(YOUR ASSIGNMENT)
Beneath this task are records; count the lines among them that contain the word "height" and answer with the number only.

(GIVEN INFORMATION)
"""

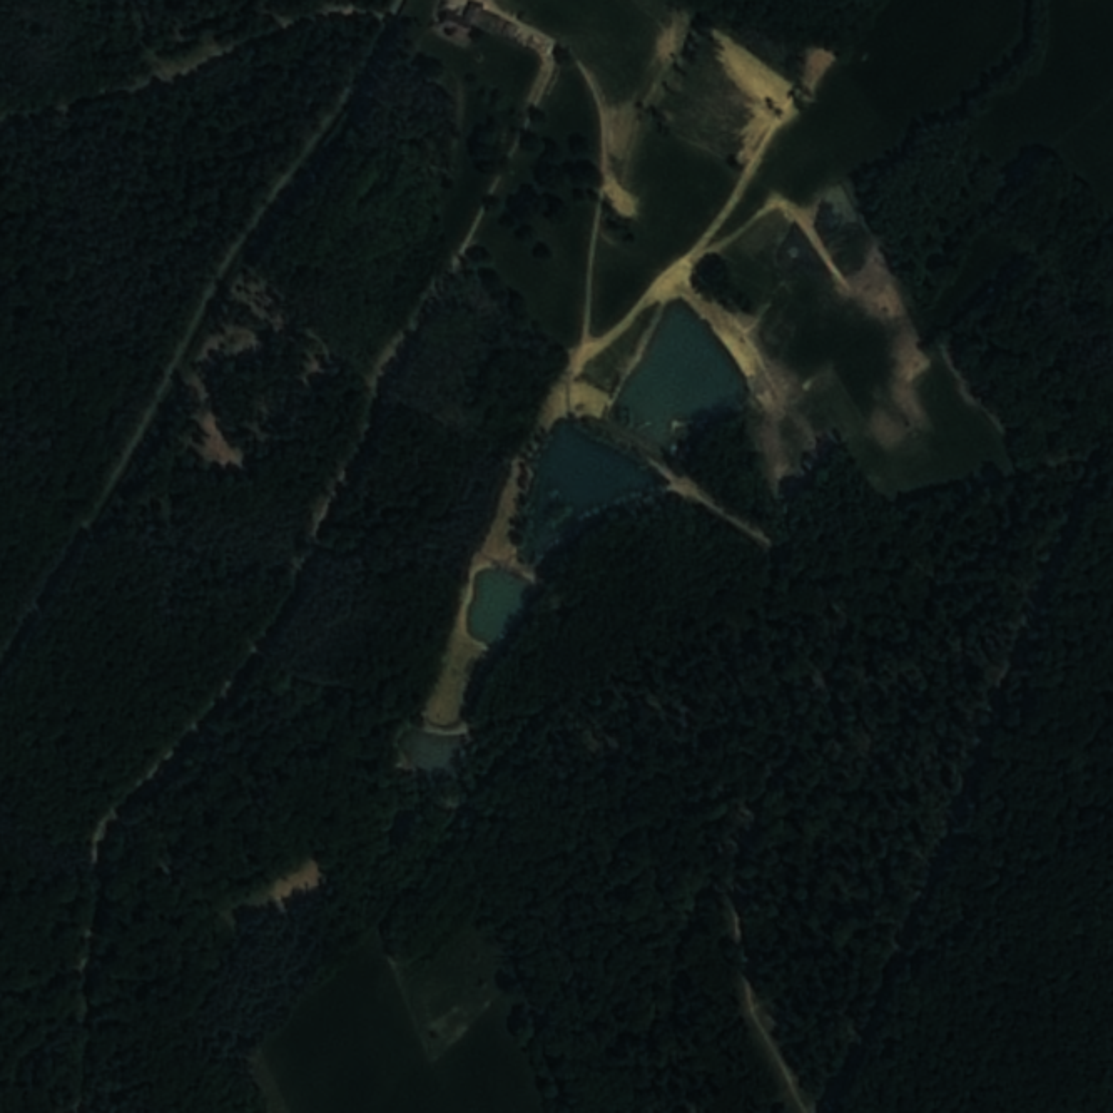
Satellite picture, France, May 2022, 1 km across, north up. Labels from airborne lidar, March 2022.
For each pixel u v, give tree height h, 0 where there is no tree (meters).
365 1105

"""
"""

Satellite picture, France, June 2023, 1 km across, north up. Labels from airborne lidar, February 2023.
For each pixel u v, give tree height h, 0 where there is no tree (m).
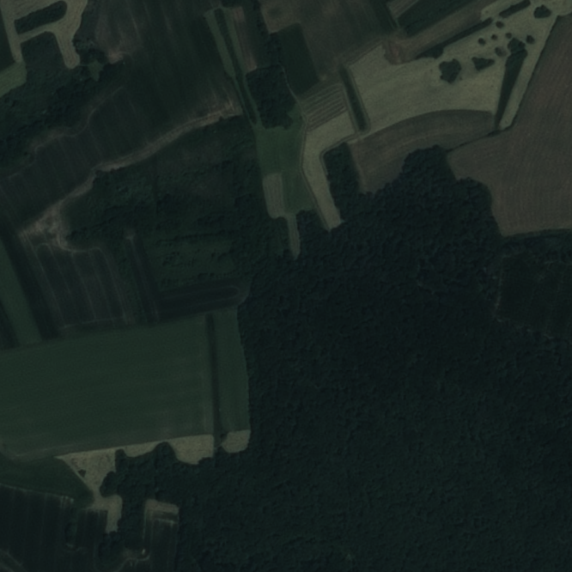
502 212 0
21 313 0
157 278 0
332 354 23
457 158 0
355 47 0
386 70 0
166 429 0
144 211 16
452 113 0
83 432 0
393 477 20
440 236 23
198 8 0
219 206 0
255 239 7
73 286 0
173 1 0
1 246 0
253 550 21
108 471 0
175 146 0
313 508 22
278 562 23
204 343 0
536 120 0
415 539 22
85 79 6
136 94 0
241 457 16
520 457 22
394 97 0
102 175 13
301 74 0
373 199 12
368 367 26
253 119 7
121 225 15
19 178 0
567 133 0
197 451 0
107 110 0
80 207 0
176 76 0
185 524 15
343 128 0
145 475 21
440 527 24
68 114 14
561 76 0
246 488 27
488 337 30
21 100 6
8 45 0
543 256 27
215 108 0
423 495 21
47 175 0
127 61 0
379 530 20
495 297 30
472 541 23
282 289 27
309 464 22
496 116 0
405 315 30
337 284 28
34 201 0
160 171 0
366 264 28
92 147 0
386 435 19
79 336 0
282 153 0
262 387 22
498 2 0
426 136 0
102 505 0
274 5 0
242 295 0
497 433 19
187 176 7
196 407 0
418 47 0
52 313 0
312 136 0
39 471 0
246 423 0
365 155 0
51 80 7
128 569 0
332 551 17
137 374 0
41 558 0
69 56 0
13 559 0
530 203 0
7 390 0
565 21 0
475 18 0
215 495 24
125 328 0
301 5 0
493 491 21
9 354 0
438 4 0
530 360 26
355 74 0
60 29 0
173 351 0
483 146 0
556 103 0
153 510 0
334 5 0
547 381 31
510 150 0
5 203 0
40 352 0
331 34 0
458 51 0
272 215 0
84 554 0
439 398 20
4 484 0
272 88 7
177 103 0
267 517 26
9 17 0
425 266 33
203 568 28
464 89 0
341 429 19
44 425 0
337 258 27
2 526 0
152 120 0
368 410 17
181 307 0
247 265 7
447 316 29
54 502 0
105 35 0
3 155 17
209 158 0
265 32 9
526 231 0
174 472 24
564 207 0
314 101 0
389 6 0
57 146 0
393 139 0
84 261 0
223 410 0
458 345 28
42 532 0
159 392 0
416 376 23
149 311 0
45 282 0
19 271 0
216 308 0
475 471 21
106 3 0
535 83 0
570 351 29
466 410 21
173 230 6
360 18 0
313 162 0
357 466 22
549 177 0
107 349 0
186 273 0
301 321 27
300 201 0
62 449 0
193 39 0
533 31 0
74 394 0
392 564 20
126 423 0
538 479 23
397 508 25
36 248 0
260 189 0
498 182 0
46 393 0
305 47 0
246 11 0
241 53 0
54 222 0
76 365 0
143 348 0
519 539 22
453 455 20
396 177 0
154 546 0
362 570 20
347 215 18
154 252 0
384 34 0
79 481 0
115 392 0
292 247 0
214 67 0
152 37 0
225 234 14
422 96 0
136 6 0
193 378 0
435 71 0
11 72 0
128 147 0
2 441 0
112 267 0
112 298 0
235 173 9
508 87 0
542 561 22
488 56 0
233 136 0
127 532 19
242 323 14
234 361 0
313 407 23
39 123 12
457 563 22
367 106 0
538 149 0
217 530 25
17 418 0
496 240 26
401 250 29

"""
"""

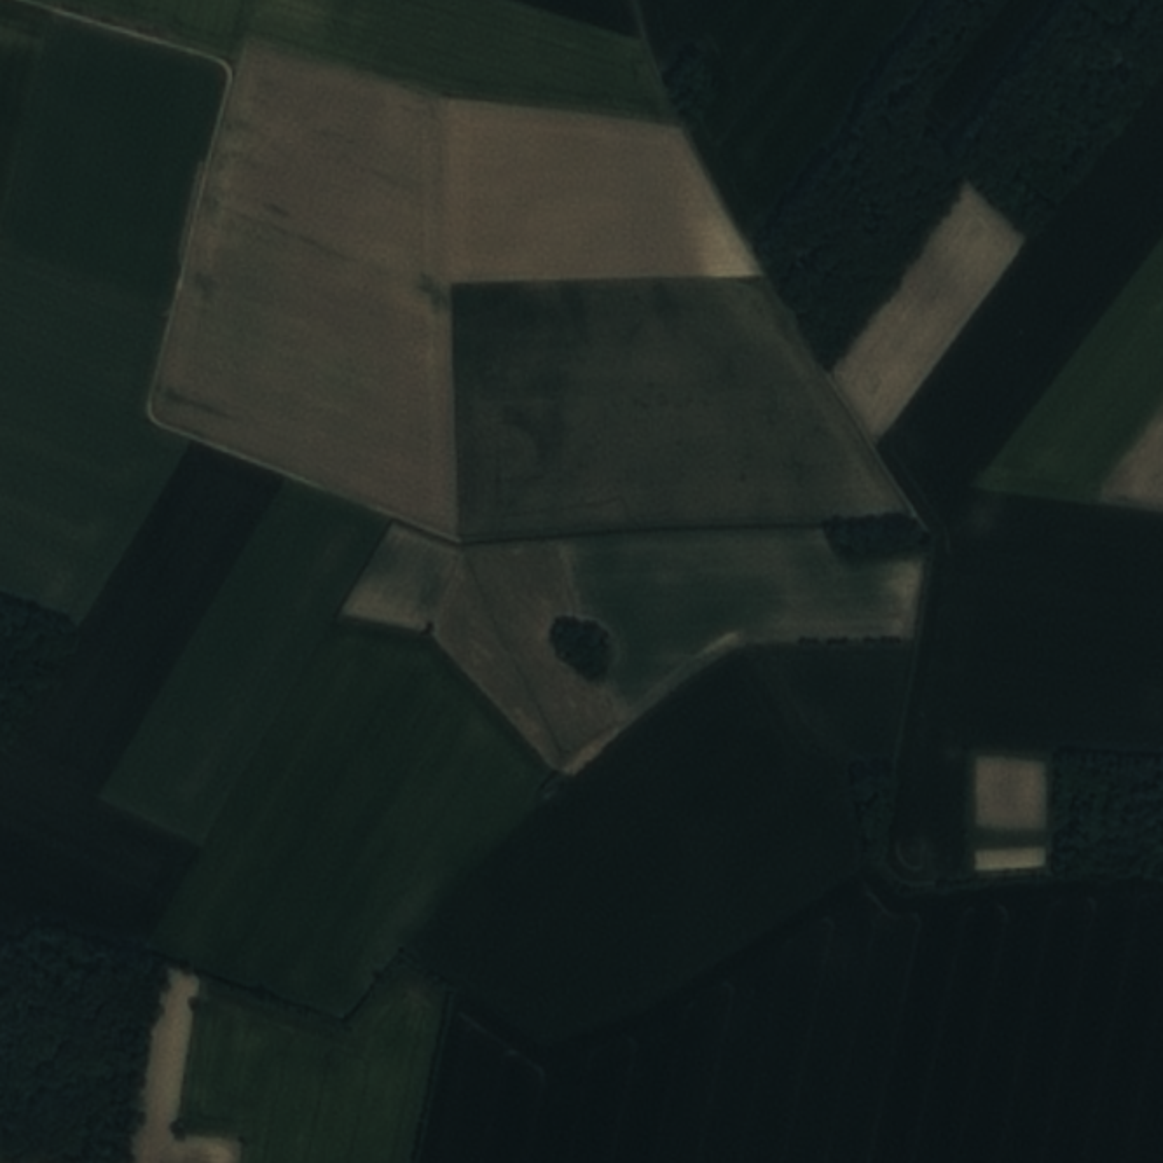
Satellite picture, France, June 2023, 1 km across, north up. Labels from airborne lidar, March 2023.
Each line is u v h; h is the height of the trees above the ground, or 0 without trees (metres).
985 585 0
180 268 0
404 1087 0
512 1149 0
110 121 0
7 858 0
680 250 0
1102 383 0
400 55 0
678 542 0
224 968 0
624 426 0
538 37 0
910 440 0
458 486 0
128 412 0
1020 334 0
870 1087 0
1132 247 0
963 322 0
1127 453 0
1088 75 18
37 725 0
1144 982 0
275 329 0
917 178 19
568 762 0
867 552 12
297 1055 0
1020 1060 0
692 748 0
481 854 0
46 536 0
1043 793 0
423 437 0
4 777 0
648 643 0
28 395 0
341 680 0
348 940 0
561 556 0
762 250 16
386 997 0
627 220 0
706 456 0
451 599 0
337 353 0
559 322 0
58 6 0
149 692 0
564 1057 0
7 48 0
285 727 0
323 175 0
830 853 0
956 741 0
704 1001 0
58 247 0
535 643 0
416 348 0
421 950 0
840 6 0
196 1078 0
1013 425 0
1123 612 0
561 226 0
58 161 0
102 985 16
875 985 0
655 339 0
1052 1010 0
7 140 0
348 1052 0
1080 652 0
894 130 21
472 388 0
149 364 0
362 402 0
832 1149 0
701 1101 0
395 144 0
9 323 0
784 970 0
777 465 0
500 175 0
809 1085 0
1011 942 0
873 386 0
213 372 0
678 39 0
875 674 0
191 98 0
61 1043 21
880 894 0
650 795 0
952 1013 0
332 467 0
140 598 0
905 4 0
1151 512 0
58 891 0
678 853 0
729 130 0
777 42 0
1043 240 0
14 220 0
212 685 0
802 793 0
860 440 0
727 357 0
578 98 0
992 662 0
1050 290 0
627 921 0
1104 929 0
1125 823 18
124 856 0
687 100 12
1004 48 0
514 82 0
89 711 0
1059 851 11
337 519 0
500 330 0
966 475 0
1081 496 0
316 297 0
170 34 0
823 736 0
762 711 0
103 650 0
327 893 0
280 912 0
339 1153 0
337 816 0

"""

(RESPONSE TO THE EXERCISE)
3